Three species detected in our study—Chromogobius zebratus, Cyclothone atraria, and Vanneaugobius dollfusi—are not listed in the recent compilation of Portuguese ichthyofauna by Carneiro et al.74. Notably, all these species belong to genera that have reported members in Portugal. Although this may indicate some of the first documented occurrences of these species in the area, conclusions must be drawn cautiously. Chromogobius zebratus and V. dollfusi are known to inhabit the Mediterranean Sea, making plausible an introduction or migration from those waters. However, the case of C. atraria is more debatable, given that its known records are associated with the North Pacific Ocean. Furthermore, the species recorded in Portugal for these genera are underrepresented in the databases for the different markers, as highlighted before in the Arnoglossus case. While this study employed conservative criteria to minimise false positives, it is crucial to note that C. atraria was identified with just 5 reads in F4 using Fish16S, and V. dollfusi was detected with fewer than 15 reads in two locations (A2 and A3), by FishATL_Cocktail2. In contrast, C. zebratus presented a different scenario, being identified in three points (F1, F2, and A1) by multiple markers (COI and 16S), and even emerging as one of the top records in A1.

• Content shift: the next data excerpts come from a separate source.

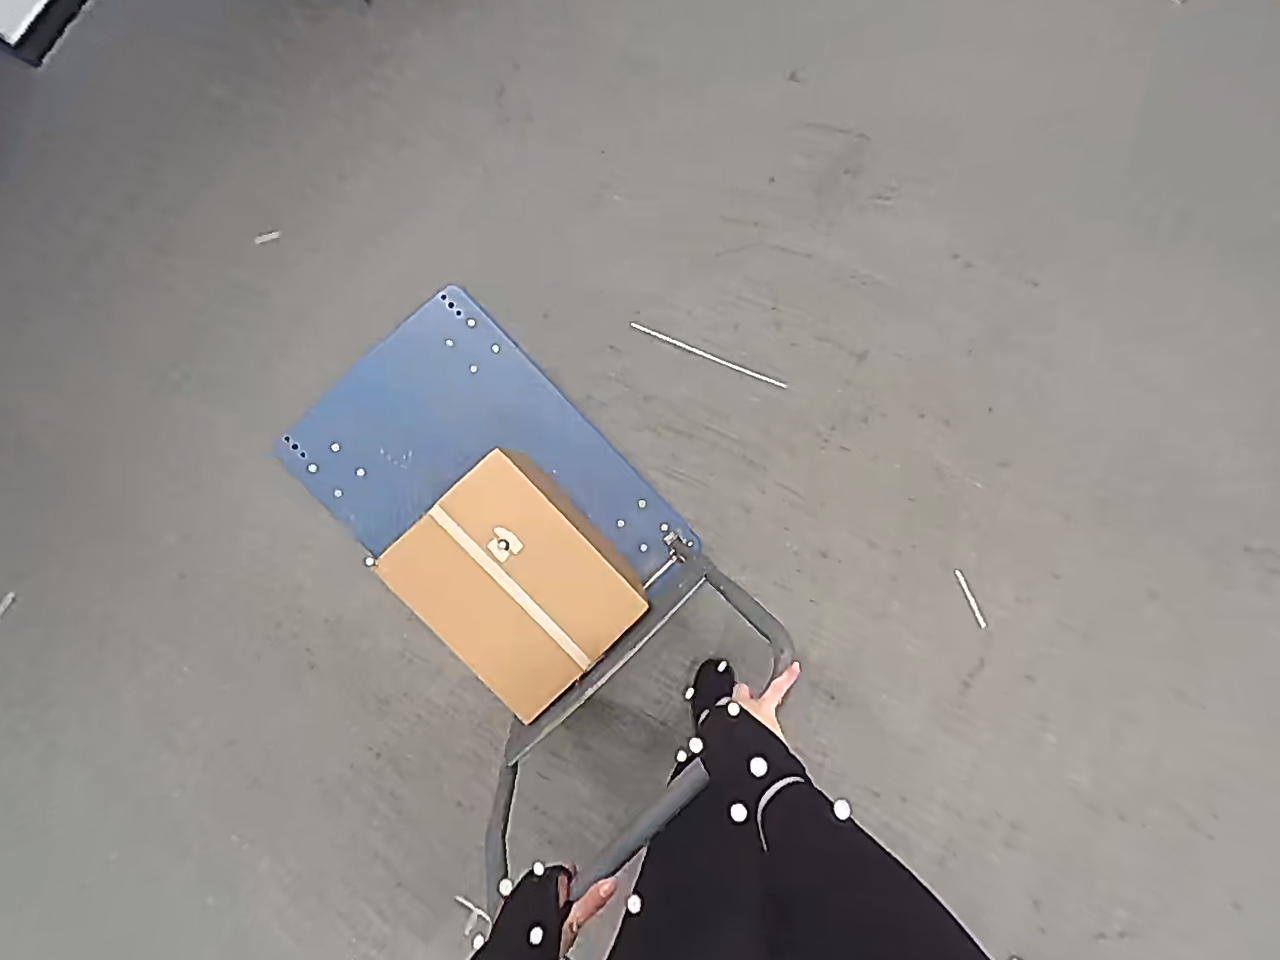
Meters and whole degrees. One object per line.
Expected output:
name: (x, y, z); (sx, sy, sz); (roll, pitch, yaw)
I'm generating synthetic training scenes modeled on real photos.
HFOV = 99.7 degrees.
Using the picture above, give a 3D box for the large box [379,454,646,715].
large box: (-0.238, 0.195, 1.144); (0.320, 0.320, 0.408); (-44, 92, -3)
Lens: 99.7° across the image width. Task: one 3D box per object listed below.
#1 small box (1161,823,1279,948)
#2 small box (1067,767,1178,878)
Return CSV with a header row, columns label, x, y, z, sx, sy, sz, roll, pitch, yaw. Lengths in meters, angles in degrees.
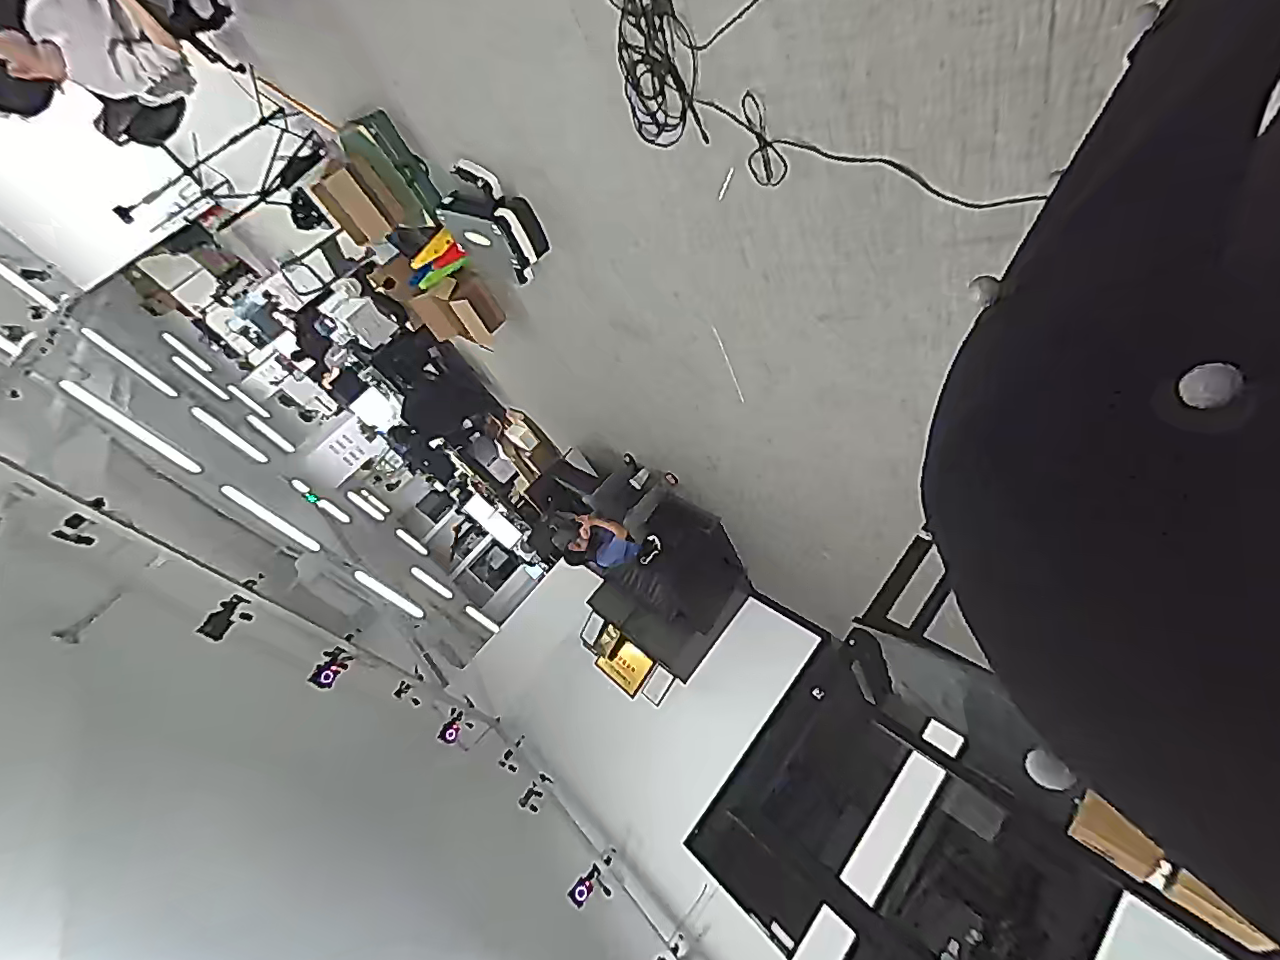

This brings to consideration the importance of establishing a suitable threshold to confirm the presence of a taxon in a study, a challenge for which there is no consensus in the field, as noted by Breitbart et al.75. In our study, we adopted a ratio proposed by Macé et al.14 that aligned well with our research objectives. However, it became evident that adjusting the minimum number of reads required to validate a species record, whether increased or decreased, could lead to an increase in false negatives or false positives, respectively. Considering this information, future investigations in the sampled region will contribute to clarifying the status of these possible new records and exploring the potential ecological implications of these species in the area.

Our findings underscored the superior efficacy of DNA metabarcoding in identifying species from ichthyoplankton samples, compared to traditional morphological methods. By linking DNA species-level identifications with higher taxonomic-level morphological identifications, DNA metabarcoding provided potential solutions for some genera and family identifications that traditional methods struggled with. Furthermore, our research reaffirmed the importance of using multiple molecular markers and respective amplicons in metabarcoding studies. This comprehensive approach revealed a greater extent of diversity than using a single marker/primer pair, leading to more robust analyses and greater certainty in the results. In conclusion, our results align with our objectives, demonstrating that DNA metabarcoding is a powerful tool for uncovering fish diversity in ichthyoplankton samples. This technology has immense potential for supporting future fish stock assessments and aiding in the management of marine ecosystems.